We say that protein 'B' matches a subset of peptides. Mascot Parser allows you to treat these subset matches in three separate ways:

Display the proteins that matched a subset of the peptides 'under' the main protein. For the standard Mascot Server reports, this is implemented by specifying "ShowSubSets 1" in the Options section of mascot.dat. In Mascot Parser, specify MSRES_SHOW_SUBSETS when creating the ms_peptidesummary or ms_proteinsummary object.
Discard the proteins that matched a subset of the peptides 'under' the main protein. For the standard Mascot Server reports, this is implemented by specifying "ShowSubSets 0" in the Options section of mascot.dat. In Mascot Parser, do not specify MSRES_SHOW_SUBSETS when creating the ms_peptidesummary or ms_proteinsummary object.
Treat proteins that matched a subset of the peptides as separate, unique proteins with no relation to the main protein. In Mascot Parser, specify MSRES_SUBSETS_DIFF_PROT when creating the ms_peptidesummary or ms_proteinsummary object.
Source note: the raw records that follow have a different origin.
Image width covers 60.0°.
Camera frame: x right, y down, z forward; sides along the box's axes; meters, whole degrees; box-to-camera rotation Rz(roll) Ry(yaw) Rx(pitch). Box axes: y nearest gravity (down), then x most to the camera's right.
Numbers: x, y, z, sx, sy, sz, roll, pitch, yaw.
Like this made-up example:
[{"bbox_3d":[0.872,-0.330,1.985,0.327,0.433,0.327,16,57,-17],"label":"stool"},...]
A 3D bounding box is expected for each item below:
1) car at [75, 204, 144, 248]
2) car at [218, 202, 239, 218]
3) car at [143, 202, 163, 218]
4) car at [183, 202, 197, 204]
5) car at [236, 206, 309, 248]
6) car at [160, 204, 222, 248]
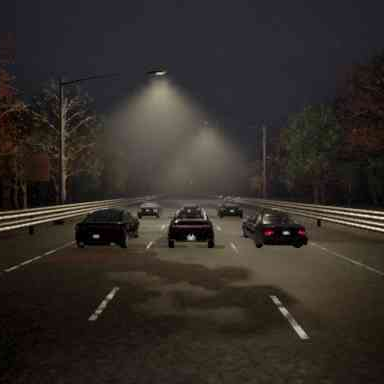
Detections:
[{"bbox_3d":[-3.544,1.486,14.730,1.882,1.535,5.008,0,0,0],"label":"car"},{"bbox_3d":[3.324,1.570,29.822,1.994,1.385,4.181,0,0,-1],"label":"car"},{"bbox_3d":[-3.675,1.561,29.740,2.033,1.411,5.357,0,0,-1],"label":"car"},{"bbox_3d":[-0.175,1.570,29.781,1.994,1.385,4.181,0,0,-1],"label":"car"},{"bbox_3d":[3.456,1.565,14.772,2.033,1.411,5.357,0,0,0],"label":"car"},{"bbox_3d":[-0.044,1.497,14.751,2.128,1.511,4.902,0,0,0],"label":"car"}]
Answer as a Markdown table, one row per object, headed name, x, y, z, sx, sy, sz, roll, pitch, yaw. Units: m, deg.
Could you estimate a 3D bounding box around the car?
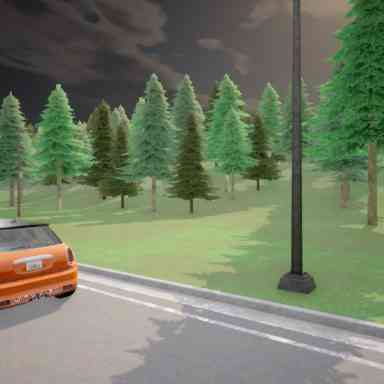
| name | x | y | z | sx | sy | sz | roll | pitch | yaw |
| --- | --- | --- | --- | --- | --- | --- | --- | --- | --- |
| car | -4.586 | 1.352 | 7.265 | 4.553 | 1.767 | 2.097 | 0 | 0 | 36 |
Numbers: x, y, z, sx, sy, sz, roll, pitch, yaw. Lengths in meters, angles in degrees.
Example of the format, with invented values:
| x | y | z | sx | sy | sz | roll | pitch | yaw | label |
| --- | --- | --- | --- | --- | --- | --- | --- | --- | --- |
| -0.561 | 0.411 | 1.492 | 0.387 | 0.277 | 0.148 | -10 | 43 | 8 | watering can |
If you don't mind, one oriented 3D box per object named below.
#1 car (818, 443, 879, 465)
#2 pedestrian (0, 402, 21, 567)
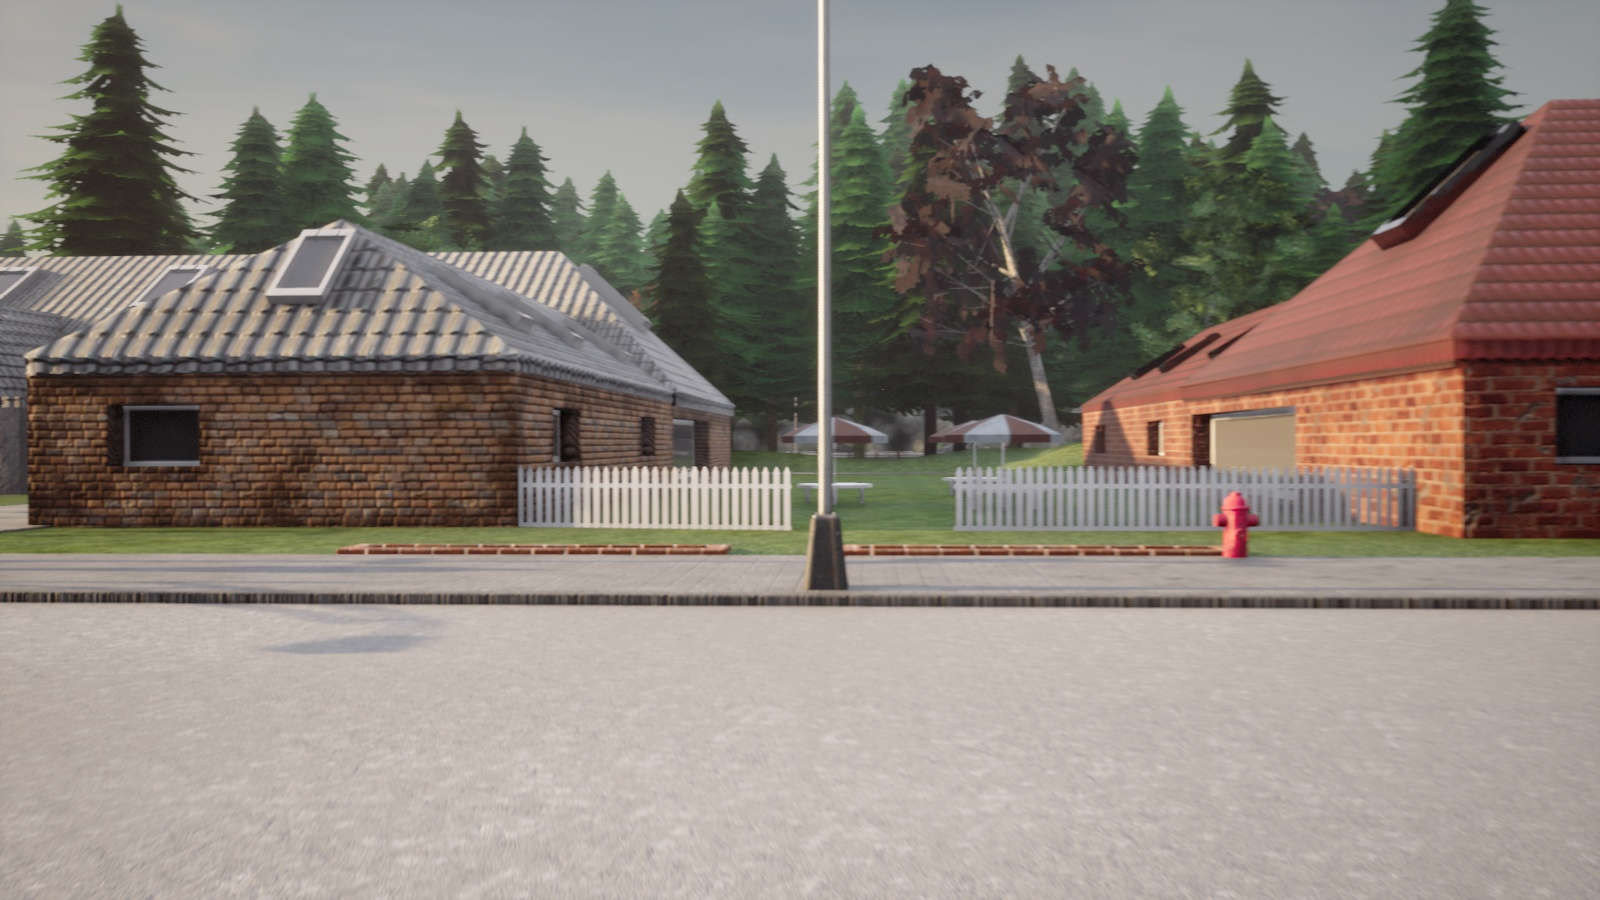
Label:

If you have a primary hit with (say) 100 peptide matches, you may be very interested in subset proteins with 99 matches, but not in ones that have 1 or 2 matches; these just clutter up the report if you use MSRES_SHOW_SUBSETS. On the other hand, if you have a primary hit with (say) 2 peptide matches, you are more likely to be interested in sub-set proteins with just 1 match. The function ms_mascotresults::setSubsetsThreshold() was introduced in Mascot 2.2 to facilitate including or removing these less interesting subset proteins.